[Source records]
......

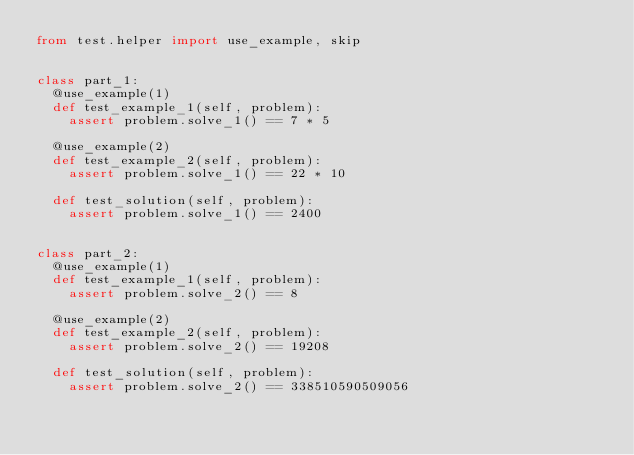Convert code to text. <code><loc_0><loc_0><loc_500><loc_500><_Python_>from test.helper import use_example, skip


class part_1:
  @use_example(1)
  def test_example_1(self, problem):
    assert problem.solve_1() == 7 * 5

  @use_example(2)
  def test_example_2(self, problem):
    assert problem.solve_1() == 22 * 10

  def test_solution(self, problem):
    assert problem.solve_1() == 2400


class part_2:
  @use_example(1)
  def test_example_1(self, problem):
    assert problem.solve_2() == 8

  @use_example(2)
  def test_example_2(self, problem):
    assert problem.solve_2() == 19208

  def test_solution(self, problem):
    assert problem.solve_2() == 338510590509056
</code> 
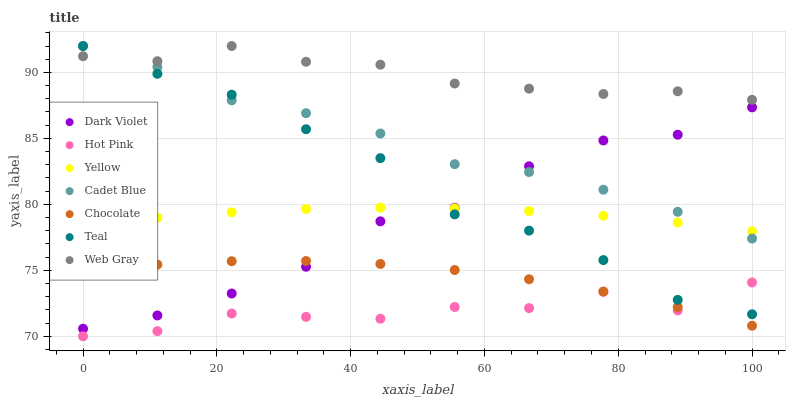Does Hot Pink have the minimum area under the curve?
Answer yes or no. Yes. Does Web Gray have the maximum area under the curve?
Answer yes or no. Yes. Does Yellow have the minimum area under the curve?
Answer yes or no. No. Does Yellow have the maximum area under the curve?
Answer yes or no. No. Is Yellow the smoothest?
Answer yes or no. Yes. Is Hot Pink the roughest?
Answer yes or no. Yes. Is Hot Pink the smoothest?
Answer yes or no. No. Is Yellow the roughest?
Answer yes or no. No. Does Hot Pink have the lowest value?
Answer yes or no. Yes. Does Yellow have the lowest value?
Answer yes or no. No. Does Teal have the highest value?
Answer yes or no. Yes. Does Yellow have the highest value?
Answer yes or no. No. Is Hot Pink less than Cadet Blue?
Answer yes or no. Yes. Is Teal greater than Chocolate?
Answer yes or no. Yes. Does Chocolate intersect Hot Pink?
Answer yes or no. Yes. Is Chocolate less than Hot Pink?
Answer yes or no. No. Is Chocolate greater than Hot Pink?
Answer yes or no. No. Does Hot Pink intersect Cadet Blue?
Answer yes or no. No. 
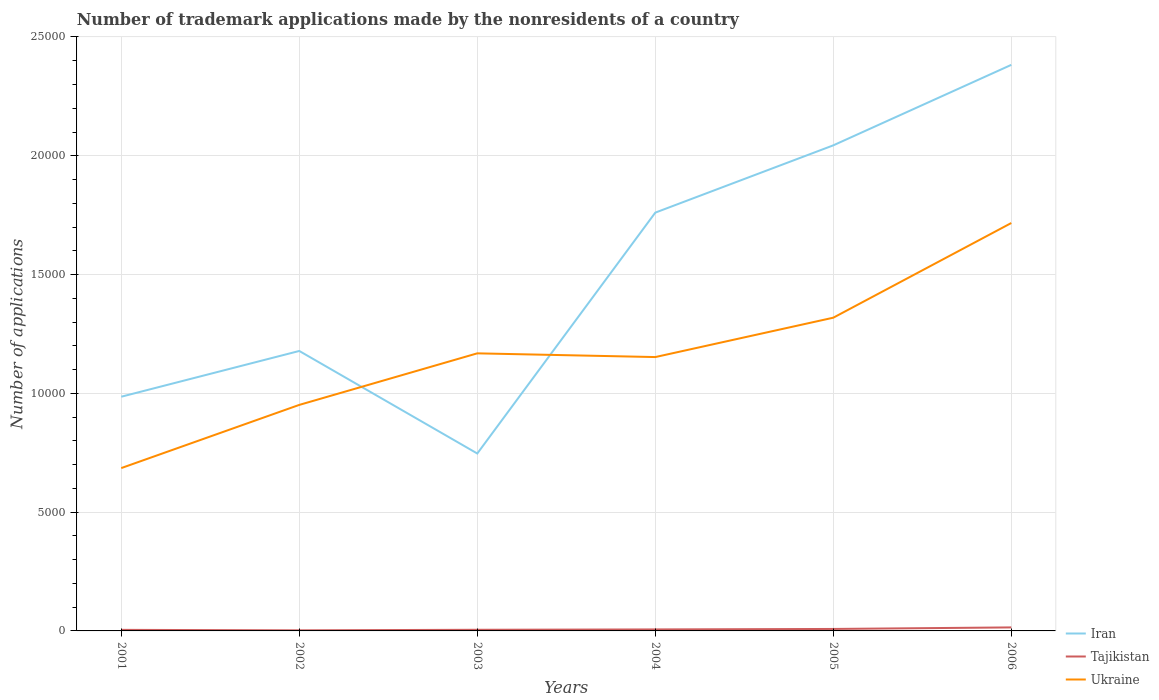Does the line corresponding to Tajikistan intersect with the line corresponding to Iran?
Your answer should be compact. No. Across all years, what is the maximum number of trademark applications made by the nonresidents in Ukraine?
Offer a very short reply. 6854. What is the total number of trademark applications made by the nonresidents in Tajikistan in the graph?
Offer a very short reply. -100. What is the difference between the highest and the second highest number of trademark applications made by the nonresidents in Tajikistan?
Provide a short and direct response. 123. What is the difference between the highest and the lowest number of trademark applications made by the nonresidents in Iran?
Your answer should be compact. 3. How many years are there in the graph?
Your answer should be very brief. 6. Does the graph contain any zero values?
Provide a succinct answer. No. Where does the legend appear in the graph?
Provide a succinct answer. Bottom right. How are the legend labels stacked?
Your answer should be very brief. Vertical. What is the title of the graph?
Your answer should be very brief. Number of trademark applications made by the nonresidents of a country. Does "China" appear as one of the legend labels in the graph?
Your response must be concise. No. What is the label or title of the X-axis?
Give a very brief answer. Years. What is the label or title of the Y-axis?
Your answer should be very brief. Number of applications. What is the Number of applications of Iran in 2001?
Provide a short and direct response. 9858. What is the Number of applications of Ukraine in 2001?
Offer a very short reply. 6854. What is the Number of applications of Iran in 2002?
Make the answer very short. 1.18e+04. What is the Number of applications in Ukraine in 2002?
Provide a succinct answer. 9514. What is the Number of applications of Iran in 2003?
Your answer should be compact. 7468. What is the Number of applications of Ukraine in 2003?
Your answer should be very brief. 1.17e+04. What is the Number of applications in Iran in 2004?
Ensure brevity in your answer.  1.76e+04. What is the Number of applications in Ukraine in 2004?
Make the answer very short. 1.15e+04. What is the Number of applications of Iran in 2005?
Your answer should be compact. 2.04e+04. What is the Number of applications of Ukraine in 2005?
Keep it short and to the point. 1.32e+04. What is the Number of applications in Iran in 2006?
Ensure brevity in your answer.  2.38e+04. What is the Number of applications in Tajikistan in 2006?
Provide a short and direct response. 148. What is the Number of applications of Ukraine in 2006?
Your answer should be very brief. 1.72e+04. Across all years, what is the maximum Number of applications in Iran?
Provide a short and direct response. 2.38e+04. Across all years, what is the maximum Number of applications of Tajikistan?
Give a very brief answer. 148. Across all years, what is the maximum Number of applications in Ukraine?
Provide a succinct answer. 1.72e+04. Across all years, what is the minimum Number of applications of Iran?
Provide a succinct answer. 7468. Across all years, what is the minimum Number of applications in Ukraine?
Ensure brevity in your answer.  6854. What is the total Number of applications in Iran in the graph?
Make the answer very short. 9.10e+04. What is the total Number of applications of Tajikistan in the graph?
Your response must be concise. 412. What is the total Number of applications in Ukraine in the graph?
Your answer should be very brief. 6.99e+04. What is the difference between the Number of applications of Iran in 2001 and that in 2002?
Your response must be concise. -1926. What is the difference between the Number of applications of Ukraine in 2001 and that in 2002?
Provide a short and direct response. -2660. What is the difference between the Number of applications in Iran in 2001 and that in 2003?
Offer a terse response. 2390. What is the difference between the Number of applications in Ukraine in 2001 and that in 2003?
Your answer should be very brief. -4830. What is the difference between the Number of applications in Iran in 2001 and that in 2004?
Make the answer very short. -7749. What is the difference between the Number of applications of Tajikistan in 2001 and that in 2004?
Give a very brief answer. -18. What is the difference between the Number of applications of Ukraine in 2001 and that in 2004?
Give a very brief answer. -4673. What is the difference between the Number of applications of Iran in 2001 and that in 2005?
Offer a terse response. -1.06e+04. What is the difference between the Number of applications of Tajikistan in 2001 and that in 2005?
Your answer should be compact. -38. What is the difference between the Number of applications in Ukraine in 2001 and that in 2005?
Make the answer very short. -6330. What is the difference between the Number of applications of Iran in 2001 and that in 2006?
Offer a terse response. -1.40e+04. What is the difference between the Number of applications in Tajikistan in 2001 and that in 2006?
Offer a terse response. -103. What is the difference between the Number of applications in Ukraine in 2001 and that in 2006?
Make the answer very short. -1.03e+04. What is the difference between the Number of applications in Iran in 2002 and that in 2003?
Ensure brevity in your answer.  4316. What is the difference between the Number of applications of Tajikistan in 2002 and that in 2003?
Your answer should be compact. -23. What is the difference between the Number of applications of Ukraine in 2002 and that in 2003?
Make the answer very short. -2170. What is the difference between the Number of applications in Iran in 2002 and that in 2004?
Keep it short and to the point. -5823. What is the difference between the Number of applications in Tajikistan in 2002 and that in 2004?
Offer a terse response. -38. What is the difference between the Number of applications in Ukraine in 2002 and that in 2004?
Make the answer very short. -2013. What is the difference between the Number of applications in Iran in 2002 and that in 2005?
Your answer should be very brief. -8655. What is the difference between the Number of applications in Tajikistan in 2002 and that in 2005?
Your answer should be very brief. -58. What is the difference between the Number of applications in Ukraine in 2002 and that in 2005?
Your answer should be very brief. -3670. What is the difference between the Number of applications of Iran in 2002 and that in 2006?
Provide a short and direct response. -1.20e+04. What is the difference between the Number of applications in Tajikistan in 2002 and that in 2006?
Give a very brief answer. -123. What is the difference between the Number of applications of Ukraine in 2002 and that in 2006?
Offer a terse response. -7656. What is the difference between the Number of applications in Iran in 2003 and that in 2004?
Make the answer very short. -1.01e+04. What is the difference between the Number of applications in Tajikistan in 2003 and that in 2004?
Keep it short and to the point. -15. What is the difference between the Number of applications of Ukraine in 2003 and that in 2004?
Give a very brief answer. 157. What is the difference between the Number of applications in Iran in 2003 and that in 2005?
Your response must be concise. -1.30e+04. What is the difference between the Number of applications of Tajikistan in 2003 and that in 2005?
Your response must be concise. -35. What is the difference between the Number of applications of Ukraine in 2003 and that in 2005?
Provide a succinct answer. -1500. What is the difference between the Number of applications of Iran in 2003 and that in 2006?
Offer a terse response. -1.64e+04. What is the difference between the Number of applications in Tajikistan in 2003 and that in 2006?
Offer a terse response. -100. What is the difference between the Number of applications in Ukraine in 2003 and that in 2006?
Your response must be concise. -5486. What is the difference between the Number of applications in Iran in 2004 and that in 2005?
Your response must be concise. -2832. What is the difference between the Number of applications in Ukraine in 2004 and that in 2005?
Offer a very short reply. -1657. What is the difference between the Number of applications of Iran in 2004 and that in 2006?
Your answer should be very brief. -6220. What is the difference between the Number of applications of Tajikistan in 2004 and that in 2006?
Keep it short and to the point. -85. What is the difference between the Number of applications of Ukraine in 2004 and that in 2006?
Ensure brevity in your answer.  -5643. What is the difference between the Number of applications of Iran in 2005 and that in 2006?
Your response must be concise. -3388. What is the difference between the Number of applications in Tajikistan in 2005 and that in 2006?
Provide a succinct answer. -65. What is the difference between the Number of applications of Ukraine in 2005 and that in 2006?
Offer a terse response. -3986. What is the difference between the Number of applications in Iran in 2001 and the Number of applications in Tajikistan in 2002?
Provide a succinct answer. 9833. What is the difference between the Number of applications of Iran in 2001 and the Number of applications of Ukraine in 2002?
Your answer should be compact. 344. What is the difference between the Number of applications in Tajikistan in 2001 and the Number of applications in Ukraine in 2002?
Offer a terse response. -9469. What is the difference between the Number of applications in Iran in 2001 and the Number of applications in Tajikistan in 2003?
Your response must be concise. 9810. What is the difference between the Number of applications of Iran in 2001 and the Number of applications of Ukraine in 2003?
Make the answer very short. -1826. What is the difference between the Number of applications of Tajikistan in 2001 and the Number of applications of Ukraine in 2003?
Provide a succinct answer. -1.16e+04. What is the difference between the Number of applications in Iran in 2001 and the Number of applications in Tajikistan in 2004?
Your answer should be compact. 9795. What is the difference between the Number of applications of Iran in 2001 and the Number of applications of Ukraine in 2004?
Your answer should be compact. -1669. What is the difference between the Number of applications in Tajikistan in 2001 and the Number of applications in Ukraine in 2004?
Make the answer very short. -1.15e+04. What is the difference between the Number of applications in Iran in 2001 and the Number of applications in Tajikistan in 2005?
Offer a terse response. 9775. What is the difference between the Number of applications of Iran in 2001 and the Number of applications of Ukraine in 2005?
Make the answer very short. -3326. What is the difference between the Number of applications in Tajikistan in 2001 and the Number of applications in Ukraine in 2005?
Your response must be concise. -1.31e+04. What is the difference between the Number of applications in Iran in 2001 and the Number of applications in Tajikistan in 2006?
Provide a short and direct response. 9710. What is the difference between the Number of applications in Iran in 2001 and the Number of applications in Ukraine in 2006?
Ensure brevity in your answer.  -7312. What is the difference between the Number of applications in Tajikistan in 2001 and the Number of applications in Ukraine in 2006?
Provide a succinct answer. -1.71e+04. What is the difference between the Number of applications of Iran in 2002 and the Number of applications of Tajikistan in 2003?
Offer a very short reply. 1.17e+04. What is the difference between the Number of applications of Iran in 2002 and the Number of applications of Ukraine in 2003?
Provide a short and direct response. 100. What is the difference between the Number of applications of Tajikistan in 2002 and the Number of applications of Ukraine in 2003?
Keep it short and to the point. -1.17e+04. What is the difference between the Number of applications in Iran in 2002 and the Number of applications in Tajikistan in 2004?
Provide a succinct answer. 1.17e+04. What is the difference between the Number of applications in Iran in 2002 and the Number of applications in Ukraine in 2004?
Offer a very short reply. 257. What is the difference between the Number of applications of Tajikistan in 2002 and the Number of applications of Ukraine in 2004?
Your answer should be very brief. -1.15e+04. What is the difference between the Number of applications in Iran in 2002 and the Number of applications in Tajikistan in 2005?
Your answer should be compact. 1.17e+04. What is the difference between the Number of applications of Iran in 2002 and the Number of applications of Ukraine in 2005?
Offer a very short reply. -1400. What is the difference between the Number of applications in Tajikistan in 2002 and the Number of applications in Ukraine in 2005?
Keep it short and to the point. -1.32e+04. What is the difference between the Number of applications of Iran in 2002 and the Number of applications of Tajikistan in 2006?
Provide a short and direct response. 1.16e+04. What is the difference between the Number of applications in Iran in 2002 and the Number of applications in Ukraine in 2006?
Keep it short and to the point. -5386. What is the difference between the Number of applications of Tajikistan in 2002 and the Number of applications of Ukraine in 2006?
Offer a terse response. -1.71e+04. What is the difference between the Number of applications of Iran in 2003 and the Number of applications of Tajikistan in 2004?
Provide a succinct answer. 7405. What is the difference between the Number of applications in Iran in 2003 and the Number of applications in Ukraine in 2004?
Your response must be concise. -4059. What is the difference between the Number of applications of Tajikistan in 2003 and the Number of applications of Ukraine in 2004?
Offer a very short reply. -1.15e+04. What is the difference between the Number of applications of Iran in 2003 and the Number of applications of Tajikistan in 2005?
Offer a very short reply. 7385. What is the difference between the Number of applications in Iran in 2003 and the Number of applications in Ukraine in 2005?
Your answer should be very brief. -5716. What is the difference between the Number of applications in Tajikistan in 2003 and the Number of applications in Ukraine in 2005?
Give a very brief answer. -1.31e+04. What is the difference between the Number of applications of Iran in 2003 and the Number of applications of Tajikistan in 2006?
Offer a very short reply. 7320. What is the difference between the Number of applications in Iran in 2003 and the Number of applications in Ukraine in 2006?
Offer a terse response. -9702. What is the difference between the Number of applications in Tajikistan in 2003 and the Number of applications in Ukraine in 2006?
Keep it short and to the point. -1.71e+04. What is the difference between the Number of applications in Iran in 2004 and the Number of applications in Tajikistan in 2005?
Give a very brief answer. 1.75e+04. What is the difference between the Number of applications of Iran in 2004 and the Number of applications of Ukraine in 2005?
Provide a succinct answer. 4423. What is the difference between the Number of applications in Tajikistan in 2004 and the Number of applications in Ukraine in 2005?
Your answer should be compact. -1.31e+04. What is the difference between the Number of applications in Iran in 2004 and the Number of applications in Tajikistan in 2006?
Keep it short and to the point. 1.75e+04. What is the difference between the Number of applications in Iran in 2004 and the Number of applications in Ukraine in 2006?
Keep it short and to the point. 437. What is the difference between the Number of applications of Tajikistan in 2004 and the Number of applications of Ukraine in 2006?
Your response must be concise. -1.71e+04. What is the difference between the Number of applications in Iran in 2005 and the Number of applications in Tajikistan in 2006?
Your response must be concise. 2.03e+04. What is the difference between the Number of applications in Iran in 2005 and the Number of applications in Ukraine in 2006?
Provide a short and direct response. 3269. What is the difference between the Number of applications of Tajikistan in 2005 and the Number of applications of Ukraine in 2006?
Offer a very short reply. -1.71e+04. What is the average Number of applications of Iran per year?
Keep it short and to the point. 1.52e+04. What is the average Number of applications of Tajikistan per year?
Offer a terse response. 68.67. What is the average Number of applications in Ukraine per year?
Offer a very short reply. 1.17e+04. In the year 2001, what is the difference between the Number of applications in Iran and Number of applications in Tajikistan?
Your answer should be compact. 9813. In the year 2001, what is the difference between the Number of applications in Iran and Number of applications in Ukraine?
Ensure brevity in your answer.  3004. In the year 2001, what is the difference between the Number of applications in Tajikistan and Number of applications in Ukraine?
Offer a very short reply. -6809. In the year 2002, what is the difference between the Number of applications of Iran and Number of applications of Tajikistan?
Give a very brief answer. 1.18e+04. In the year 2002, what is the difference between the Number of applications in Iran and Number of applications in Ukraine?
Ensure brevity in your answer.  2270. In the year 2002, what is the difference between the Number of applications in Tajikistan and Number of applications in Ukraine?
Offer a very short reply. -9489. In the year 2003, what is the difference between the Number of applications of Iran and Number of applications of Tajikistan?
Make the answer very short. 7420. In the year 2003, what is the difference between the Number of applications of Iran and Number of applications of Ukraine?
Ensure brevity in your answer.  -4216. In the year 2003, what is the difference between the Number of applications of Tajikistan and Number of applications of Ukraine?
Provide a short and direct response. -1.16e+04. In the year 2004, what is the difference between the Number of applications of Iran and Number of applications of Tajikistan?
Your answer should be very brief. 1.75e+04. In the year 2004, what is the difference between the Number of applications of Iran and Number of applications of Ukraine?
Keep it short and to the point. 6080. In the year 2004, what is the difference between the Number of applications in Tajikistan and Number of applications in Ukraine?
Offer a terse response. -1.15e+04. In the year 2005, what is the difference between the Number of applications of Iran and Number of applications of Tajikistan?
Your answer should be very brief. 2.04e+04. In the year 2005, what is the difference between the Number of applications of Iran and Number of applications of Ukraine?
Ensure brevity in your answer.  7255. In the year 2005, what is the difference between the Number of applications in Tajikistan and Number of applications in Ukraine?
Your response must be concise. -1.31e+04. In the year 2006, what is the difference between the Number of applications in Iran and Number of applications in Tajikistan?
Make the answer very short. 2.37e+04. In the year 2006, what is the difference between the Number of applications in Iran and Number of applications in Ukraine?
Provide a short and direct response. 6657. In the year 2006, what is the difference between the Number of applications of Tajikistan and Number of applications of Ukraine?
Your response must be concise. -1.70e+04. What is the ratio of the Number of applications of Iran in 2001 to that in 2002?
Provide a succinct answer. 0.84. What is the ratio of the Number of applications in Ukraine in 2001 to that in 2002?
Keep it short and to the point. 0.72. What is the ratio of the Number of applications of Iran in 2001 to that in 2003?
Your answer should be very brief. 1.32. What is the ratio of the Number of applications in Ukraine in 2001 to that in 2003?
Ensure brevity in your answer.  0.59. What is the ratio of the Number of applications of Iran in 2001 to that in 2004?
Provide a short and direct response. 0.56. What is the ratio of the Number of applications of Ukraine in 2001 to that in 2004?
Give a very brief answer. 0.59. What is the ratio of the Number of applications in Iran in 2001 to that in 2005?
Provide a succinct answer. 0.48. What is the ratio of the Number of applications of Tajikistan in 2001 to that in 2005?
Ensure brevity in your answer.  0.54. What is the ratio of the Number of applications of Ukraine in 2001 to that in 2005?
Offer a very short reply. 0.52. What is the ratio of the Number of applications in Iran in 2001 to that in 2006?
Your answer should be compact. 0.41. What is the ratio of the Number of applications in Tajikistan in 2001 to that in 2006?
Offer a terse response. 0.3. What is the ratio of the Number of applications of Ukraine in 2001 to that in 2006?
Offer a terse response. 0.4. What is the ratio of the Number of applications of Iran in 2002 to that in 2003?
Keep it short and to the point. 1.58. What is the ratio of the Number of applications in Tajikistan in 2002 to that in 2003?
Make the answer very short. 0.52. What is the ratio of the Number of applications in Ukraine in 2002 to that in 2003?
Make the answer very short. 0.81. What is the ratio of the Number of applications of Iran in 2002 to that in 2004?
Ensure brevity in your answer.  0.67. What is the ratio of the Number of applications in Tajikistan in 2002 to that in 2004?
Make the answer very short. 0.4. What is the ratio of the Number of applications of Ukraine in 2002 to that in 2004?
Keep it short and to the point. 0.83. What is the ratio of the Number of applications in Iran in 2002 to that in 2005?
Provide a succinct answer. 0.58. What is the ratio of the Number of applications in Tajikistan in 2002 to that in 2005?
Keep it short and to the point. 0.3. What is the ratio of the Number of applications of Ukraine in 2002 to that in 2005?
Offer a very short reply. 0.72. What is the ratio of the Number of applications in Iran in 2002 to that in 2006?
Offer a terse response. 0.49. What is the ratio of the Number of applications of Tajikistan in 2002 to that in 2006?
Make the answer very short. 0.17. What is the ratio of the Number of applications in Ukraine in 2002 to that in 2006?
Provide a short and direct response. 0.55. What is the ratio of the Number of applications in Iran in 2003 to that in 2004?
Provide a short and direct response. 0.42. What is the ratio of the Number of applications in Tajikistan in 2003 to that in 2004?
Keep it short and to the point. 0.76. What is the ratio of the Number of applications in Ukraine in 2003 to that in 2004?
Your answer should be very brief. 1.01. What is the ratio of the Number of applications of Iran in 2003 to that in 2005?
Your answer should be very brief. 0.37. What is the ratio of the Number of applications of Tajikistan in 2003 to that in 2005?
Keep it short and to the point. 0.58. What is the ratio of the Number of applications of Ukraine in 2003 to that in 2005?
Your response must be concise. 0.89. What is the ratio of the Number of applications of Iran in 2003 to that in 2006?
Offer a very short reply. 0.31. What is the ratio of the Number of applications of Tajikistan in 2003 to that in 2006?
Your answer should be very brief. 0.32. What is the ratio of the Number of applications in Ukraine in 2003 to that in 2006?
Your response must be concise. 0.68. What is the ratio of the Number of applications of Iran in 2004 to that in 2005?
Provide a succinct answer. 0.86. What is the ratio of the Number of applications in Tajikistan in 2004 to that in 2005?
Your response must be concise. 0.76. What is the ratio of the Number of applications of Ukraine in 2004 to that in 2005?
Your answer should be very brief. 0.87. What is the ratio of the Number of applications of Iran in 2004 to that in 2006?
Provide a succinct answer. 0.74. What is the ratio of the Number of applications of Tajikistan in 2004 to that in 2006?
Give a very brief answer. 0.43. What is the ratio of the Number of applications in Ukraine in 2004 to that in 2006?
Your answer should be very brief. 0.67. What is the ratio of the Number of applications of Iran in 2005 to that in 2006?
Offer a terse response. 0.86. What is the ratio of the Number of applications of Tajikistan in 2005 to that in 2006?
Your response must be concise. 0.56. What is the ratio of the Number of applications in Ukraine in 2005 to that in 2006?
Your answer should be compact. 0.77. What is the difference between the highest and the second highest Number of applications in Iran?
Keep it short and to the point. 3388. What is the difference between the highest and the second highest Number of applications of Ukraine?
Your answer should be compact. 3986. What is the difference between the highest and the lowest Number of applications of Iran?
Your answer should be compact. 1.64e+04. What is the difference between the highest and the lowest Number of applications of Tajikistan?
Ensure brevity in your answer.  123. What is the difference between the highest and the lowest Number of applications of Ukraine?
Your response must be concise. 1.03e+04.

......

> [Exercise instructions] From the records above, transcribe exactly the run of lines that opens with the line holding "Make the answer very short. -2170." and closes with the line holding "Provide a short and direct response. -1.20e+04.", both included.

> [Answer box]
Make the answer very short. -2170. What is the difference between the Number of applications in Iran in 2002 and that in 2004?
Keep it short and to the point. -5823. What is the difference between the Number of applications in Tajikistan in 2002 and that in 2004?
Offer a terse response. -38. What is the difference between the Number of applications in Ukraine in 2002 and that in 2004?
Make the answer very short. -2013. What is the difference between the Number of applications in Iran in 2002 and that in 2005?
Your answer should be very brief. -8655. What is the difference between the Number of applications in Tajikistan in 2002 and that in 2005?
Your answer should be very brief. -58. What is the difference between the Number of applications in Ukraine in 2002 and that in 2005?
Your answer should be very brief. -3670. What is the difference between the Number of applications of Iran in 2002 and that in 2006?
Provide a short and direct response. -1.20e+04. What is the difference between the Number of applications in Tajikistan in 2002 and that in 2006?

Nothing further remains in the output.